Monday, September 19, 2011

Tuesday Mornings

I first noticed them a couple months ago on my early morning walk around the perimeter of the nearby cemetery. One of the two women carried a large loaf of a homemade sweet bread and waited as the driver of a small front end loader approached, front bucket bobbing in a rhymthic greeting. The exchange seemed familiar between them and I kept walking, not wishing to intrude.

The next Tuesday they were there again, plastic tablecloth spread on the still dew covered grass near a newer gravesite. A simple breakfast of fresh fruit and yogurt lay at their feet, the comfortable comraderie between them also visible. I kept walking, beginning to speculate on the loss that brought them there together again. Had a mother been buried? Did her daughter and her sister decide to keep a routine of Tuesday morning breakfasts in remembrance? Was it their regular visit before the passing of their loved one?

Soon fresh sod was laid atop the grave giving a new softness to cushion the ladies' time of reminscence. A cell phone conversation overheard announced to another friend the improvement and the joy it brought. However, the improvement made the nearby grass look forlorn and over the next weeks it was sprayed and eventually replaced with a healthy lawn to match the improvement over the most recent resting place.

Like clockwork, the ladies appeared early every Tuesday morning. Always lingering over a small meal shared, sometimes joined by others: another male friend/relative one morning, salesmen from the cemetery on others.
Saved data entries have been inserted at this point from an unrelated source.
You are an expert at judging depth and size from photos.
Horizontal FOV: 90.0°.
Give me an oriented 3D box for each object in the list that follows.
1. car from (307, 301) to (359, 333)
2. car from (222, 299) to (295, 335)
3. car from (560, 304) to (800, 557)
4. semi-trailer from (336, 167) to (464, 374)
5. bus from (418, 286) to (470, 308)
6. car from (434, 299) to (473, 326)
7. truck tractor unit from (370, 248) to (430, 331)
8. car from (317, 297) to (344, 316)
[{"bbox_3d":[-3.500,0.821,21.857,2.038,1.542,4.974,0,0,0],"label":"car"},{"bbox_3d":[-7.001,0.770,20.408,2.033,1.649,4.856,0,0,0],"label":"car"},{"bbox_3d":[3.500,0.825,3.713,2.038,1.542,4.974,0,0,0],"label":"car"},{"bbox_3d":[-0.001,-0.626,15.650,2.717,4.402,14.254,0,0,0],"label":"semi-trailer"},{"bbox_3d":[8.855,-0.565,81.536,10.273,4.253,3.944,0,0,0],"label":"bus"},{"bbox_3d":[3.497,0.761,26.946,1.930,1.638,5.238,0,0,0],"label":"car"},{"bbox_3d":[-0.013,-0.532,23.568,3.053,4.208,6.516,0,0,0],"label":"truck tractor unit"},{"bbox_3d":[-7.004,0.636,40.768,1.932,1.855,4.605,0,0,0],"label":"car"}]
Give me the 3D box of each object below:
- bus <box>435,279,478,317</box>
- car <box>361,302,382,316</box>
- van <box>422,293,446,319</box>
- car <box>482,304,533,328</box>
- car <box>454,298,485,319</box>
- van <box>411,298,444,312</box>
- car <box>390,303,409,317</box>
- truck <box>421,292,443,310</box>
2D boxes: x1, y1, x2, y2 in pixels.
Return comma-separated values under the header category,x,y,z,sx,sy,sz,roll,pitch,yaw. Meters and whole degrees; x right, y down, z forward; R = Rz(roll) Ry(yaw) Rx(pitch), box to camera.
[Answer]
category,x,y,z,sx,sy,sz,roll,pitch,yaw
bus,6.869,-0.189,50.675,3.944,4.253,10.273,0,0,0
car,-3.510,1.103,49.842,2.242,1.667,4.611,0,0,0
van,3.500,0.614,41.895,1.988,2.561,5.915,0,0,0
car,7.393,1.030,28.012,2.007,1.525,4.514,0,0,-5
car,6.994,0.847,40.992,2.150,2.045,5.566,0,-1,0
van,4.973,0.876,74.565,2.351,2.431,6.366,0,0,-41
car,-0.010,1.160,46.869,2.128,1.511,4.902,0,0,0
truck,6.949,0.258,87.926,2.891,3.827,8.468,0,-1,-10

Last Tuesday's morning's cooler temperatures had me finding more things to do outside at home but I didn't want to break my morning habit. Reluctantly leaving chores behind, I donned sunglasses as I walked toward the eastern sky and the bright morning sunlight. An hour later than usual, I was surprised to see the now familiar car and the two women still in their usual spot. "Oh, that's right. It's Tuesday," I thought to myself as I smiled.
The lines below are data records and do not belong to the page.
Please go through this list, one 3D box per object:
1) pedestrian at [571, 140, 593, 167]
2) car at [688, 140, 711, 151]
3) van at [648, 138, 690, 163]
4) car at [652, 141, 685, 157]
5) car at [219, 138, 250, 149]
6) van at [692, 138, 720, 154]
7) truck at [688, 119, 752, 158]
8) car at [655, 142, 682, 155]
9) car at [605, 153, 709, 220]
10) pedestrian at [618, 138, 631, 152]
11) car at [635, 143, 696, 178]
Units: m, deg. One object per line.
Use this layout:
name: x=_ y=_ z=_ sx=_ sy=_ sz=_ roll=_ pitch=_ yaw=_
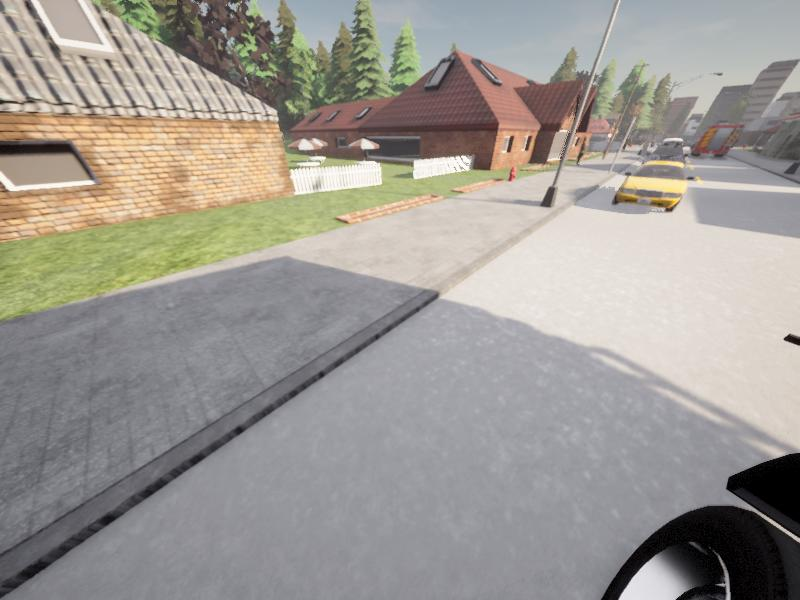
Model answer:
pedestrian: x=15.260 y=-12.303 z=19.385 sx=0.751 sy=1.860 sz=0.751 roll=29 pitch=45 yaw=35
car: x=56.863 y=-29.479 z=43.952 sx=1.930 sy=1.638 sz=5.238 roll=29 pitch=45 yaw=35
van: x=28.524 y=-15.964 z=24.599 sx=2.069 sy=2.038 sz=4.480 roll=29 pitch=44 yaw=35
car: x=36.003 y=-20.304 z=31.024 sx=2.242 sy=1.667 sz=4.611 roll=29 pitch=45 yaw=35
car: x=-41.205 y=-39.071 z=57.669 sx=2.150 sy=2.045 sz=5.566 roll=29 pitch=45 yaw=35
van: x=47.800 y=-24.183 z=36.200 sx=1.775 sy=1.987 sz=4.442 roll=29 pitch=45 yaw=35
truck: x=41.735 y=-21.290 z=30.541 sx=2.891 sy=3.827 sz=8.468 roll=29 pitch=45 yaw=35
car: x=41.273 y=-23.392 z=35.532 sx=2.163 sy=1.488 sz=4.792 roll=29 pitch=45 yaw=35
car: x=10.176 y=-4.772 z=9.237 sx=1.801 sy=1.575 sz=5.366 roll=29 pitch=45 yaw=35
pedestrian: x=35.589 y=-24.519 z=36.581 sx=0.751 sy=1.860 sz=0.751 roll=30 pitch=45 yaw=35
car: x=18.944 y=-10.119 z=16.579 sx=2.097 sy=1.767 sz=4.553 roll=29 pitch=45 yaw=35

The women both rose and brushed off as I approached and the younger woman, tablecloth in hand, greeted me warmly, "Good morning!" Delighted that they had initiated a conversation, I told them how I had been wondering about their Tuesday morning ritual and the loss that had them here on a regular basis. They easily shared their bereavement of husband and father before Christmas. "He died on the day of our 57th wedding anniversary, " his widow shared. Tears spilled unconsciously as they remembered out loud with me, not the crying that make your eyes red and swollen but tears that followed a familiar path, spilling like the overflow of a river that could no longer contain the surge of an abundance of rain.
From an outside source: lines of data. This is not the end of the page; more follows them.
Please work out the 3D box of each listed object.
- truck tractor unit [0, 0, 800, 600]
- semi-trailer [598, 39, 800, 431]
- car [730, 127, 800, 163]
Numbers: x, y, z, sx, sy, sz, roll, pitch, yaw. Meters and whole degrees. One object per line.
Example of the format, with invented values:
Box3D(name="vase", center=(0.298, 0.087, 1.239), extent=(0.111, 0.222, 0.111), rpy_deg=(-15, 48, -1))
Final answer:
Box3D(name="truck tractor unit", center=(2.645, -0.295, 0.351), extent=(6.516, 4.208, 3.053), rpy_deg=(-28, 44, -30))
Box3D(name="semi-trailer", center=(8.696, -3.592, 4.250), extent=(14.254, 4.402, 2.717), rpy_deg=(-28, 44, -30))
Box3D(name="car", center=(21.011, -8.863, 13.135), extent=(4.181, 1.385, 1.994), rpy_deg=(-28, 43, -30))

Their only child, a daughter, began bringing her mother every Tuesday to visit. Tuesdays start very early for them as they drive from the Disney area where they live and then stop for fresh flowers in the Winter Park Village before their early arrival at Glenn Haven. Although great loss started their weekly pilgrimages, they have made new friends and acquaintances along the way because of it. They are known by the clerks who sell them flowers. All the staff, office and groundskeeping, of the cemetery recognize and greet them. Then there are the other regulars to the cemetery, some with names you'd recognize, who go from being familiar strangers to having a first name. All of them together are playing a part in the ladies' processing of grief and slowly moving into new routines and places.
 
A lot about their Tuesdays reminds me of our Sundays.
 
My husband and I gather every week to worship at a church plant that meets in our neighborhood YMCA. Weekly we may join others who remember Him and His death on the cross in sharing a piece of bread dipped in grape juice. Jesus' last meal with His dearest friends included similar elements and He commanded them to repeat this in remembrance of Him. Sometimes tears flow easily as such an extravagant love is dwelled upon. Sometimes the tears flow easily in repentance at disappointing such a love and at the extravagance of the grace to start again clean, still loved, still invited to come, still included in the remembering.

Great loss started us on these weekly pilgrimages, we have made new friends and acquaintances long the way because of it. We are known, recognized, greeted because we gather there. Some of the regulars go from being familiar strangers to having a first name. All of them together are playing a part as we process what it means to follow Jesus, helping us slowly move into new routines and places where knowing Him and being known help us move forward in faith.

Out of loss comes life, if you choose to regularly remember.